Она быстро приспособилась к нашей новой жизни: не жаловалась на то, что порции еды с каждым разом становятся все меньше, или на то, что приходится спать на жестком полу. Она изредка спрашивала про Ом Бао или Старичка, но услышав, что их нет с нами, кивала, словно к ней вдруг возвращалась память. Затем бабушкин взгляд снова становился рассеянным, и она возвращалась в свой мир.
– В мгновение ока, вдохнул – и уже не выдохнул, – прошептала бабушка мне на ухо. – Он и сам не ожидал.
Младенец и правда выглядел удивленным. Он лежал, разинув крошечный рот, и сколько взрослые ни пытались закрыть мертвые глаза, они все равно оставались распахнутыми. Я не могла отделаться от мысли, что он не был готов к смерти.

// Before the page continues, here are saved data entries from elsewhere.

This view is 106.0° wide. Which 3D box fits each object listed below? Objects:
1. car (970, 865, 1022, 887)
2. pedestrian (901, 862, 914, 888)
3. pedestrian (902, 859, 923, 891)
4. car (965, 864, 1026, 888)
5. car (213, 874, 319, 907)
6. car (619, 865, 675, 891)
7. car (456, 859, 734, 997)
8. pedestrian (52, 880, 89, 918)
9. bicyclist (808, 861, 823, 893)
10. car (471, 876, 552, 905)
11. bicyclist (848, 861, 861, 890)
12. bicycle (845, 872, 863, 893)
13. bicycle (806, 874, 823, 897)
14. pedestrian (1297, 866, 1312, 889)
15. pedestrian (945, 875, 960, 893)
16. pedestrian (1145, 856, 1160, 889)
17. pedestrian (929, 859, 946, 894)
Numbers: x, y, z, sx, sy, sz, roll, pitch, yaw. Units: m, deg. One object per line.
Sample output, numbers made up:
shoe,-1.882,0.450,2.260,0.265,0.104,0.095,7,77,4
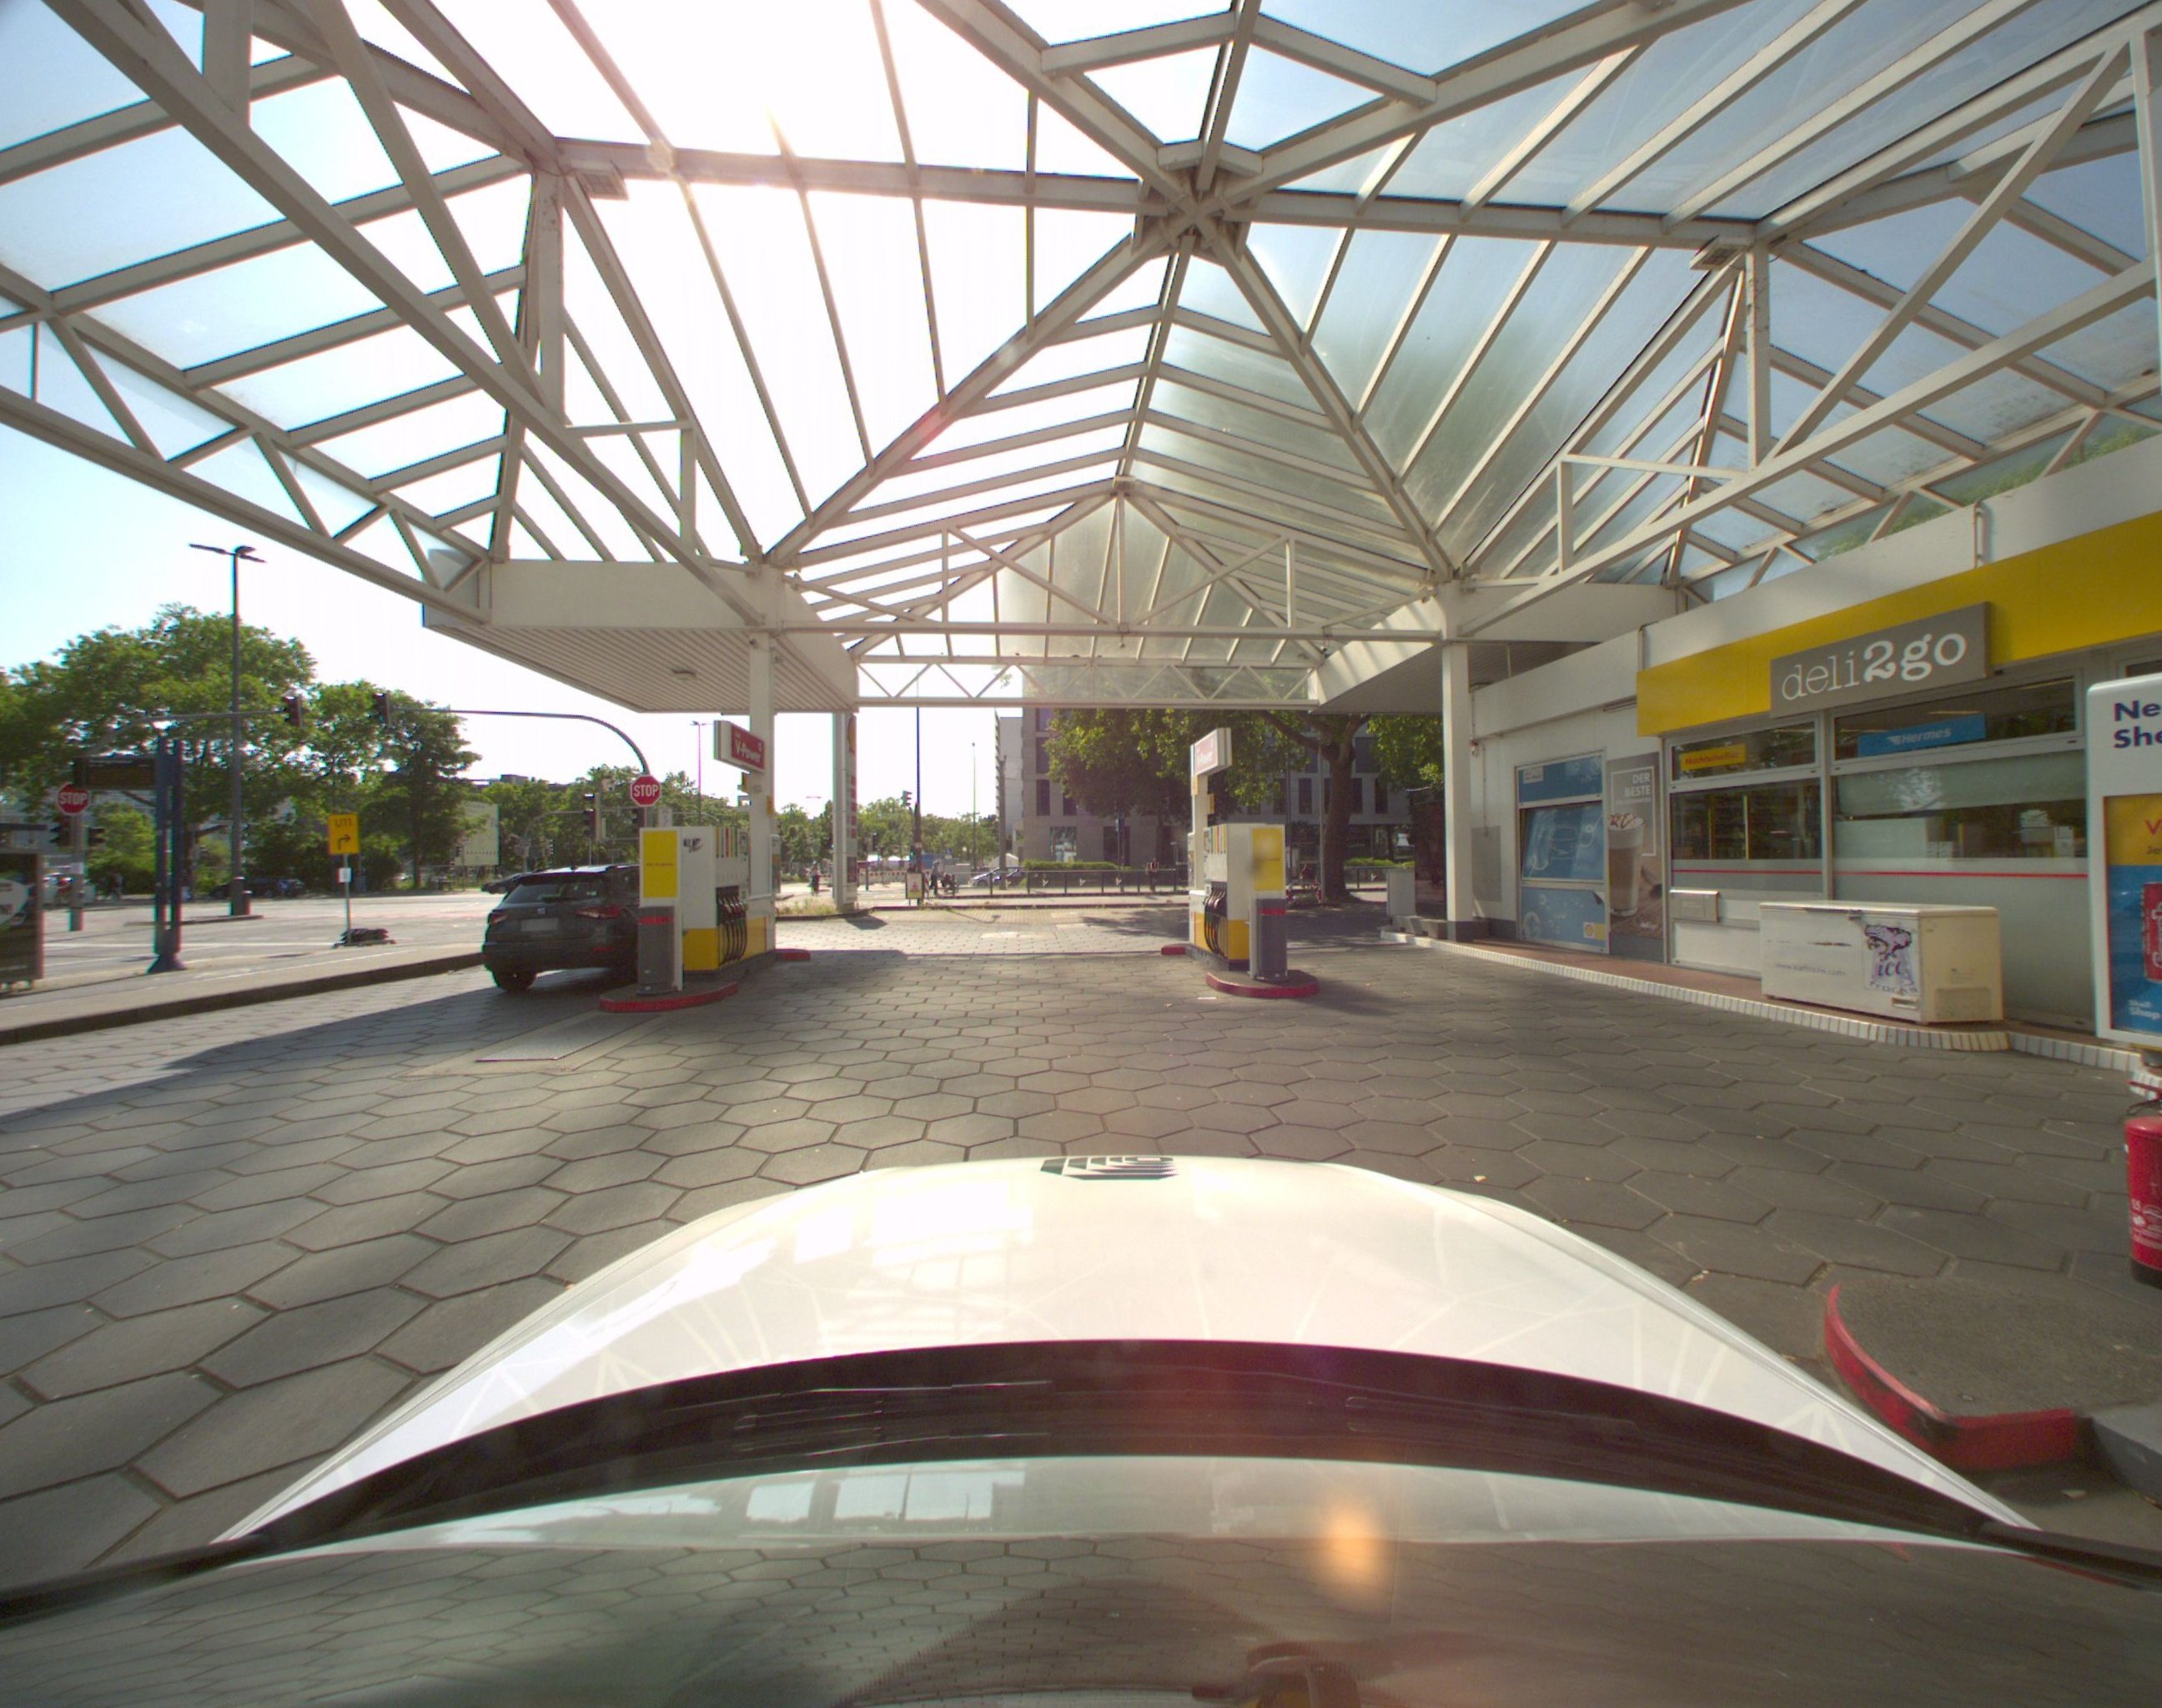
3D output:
car,-6.166,1.575,59.048,3.682,1.552,1.586,-1,-1,-10
pedestrian,-10.485,1.263,49.268,0.647,1.540,0.503,-1,-1,4
pedestrian,-8.793,1.095,42.553,0.927,1.683,0.504,-1,-1,6
car,-5.803,1.475,54.951,3.987,1.552,1.697,-1,-1,-10
car,-51.268,2.280,51.362,4.215,1.805,1.985,-3,-1,-23
car,-36.915,2.007,69.358,1.984,2.014,4.454,-3,-1,6
car,-6.496,0.895,11.477,1.741,1.532,3.993,-2,-1,-5
pedestrian,-47.300,2.092,38.118,0.686,1.723,0.865,-2,-1,-15
bicyclist,-13.759,1.184,42.181,0.638,1.580,1.168,0,-1,-14
car,-39.469,2.516,56.507,1.975,1.805,4.236,-4,-1,44
bicyclist,-12.025,1.129,43.223,0.536,1.544,0.857,0,-2,-28
bicycle,-12.038,1.518,43.179,0.526,1.082,1.850,0,-1,-28
bicycle,-13.720,1.613,41.987,0.638,1.082,2.016,0,-1,-13
pedestrian,11.255,1.183,40.984,0.626,1.138,0.524,-1,-1,2
pedestrian,-6.410,1.499,40.644,0.691,0.880,0.501,-1,-1,-12
pedestrian,3.520,0.892,40.107,0.583,1.591,0.669,-1,1,-5
pedestrian,-7.149,1.111,40.514,0.777,1.683,0.501,0,-1,-12

Совсем кроха, он еще ничего не знал о мире и о себе, и легкость, с которой все случилось, поразила его.
Я попыталась представить, каково это – умереть на вдохе, а не на выдохе, как это обычно бывает.

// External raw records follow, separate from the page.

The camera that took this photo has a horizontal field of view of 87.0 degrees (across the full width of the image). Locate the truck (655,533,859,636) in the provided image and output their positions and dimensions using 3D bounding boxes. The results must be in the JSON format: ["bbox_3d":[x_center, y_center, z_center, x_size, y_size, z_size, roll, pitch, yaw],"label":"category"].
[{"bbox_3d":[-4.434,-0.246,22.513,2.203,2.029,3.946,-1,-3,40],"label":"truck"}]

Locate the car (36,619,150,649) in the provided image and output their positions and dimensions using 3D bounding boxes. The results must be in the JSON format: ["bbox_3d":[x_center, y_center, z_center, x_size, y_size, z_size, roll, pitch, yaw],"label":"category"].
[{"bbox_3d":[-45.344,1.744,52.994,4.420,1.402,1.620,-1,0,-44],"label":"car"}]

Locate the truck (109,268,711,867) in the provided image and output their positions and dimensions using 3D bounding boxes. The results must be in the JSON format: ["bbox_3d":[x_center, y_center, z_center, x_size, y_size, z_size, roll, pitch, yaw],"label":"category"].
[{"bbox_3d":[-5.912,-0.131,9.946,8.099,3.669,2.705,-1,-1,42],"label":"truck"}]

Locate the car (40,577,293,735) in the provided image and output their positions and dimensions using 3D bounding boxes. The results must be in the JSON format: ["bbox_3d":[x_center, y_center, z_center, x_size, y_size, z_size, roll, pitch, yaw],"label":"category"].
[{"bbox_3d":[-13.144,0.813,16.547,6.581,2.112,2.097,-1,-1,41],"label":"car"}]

– Как будто он зевает, – сказала я, наклонившись к Бабушке-королеве. – Должно быть, ужасно вот так задохнуться.
– Он избавлен от жизни, полной горя и сожаления. – Бабушка-королева принялась кивать головой. – Да, горя и сожаления…
Ее, единственную из взрослых, не потрясла внезапная смерть младенца. Бабушка смотрела на это с отрешенностью человека, который сам вскоре собирается покинуть мир.
Тата, сидя в своем углу, наблюдала за происходящим полными ужаса глазами, слово смерть бездомным скитальцем вошла в наше жилище и поселилась в нем, отвоевав себе место в этой обители призраков.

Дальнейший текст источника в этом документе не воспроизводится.